In general, pure SF₆ is chemically inert: it cannot, therefore, cause corrosion. However, in the presence of moisture, however, the primary and secondary decomposition products of sulphur hexafluorideform corrosive electrolytes may cause damage and operational failure, particularly in electrical equipment. Therefore, silica particles and a silane coupling agent were corroded. As a result, alumina was used in the SF₆ type switchgear materials.

In this study, epoxy/micro-sized alumina composite was prepared, and then an electrical insulation breakdown test and tensile test were carried out and the data were estimated by Weibull statistical analysis [9]. Nano-sized alumina was also incorporated into the epoxy/micro-sized alumina composite and its electrical and mechanical properties were studied.

A commercial solid, unmodified bisphenol A type based epoxy resin was used whose trade name was AralditeB46 (Huntsman International LLC.). Its epoxy equivalent weight was 2.30~2.45 eq./kg and the viscosity was 650~850 mPa·s at 120℃. Its melting range was 35~50℃. A carboxylic acid anhydride based curing agent was used whose grade name was HT 901 (Huntsman International LLC.). Its melting range was 128~132℃ and the acid content was ≤3. In addition, the accelerator was benzyl-dimethyl amine (BDMA) purchased from Kukdo Chem. Co. Its viscosity was ≤ 300 mPa·s at 120℃. Micro-sized alumina with an average particle size of 5.0 μm was purchased from Sibelco Korea. Its product name was SA-0109. Nano-sized alumina with an average particle size of 30 nm was purchased from Sukgyung AT Co., Korea. Its product name was SG-ALO30. In order to modify the surface characteristics of nano-sized alumina, glycerol diglycidyl ether (GDE) was used. GDE was purchased from Sigma - Aldrich Co.

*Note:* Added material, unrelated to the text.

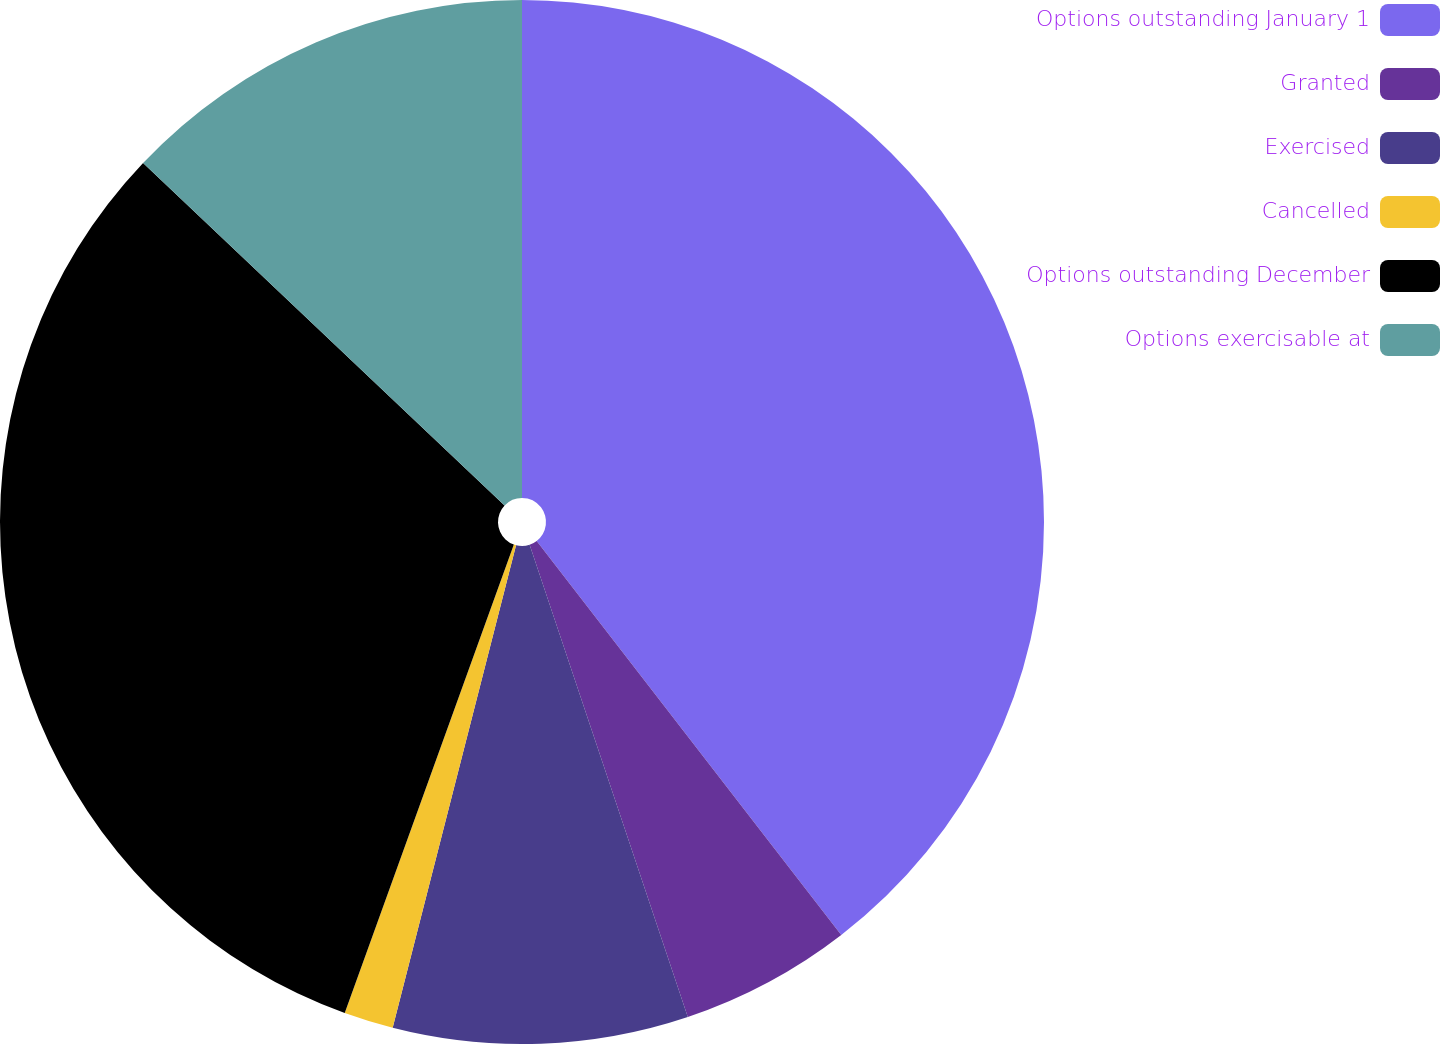Convert chart to OTSL. <chart><loc_0><loc_0><loc_500><loc_500><pie_chart><fcel>Options outstanding January 1<fcel>Granted<fcel>Exercised<fcel>Cancelled<fcel>Options outstanding December<fcel>Options exercisable at<nl><fcel>39.53%<fcel>5.33%<fcel>9.13%<fcel>1.53%<fcel>31.56%<fcel>12.93%<nl></chart>

In the first step, solid type epoxy base resin (30 g) was solved in toluene (100 g) at 80℃ and GDE (0.3, 0.9 or 1.5 g, respectively) was also solved in the toluene. Subsequently, nano-sized alumina (3 g) was poured into the toluene and the mixture was mixed using the homogenizer at 10,000 rpm for 3 hr together with a 500W probe-type ultrasonic processor (VC 505, Sonics & Materials Inc.) at a frequency of 20 kHz in order to disperse the nanosized alumina into the epoxy resin. Then toluene was removed from the epoxy/nano-sized alumina composite using a vacuum oven at 80℃ for 24 hr. The dried epoxy/nano-sized alumina was stored in a desiccator.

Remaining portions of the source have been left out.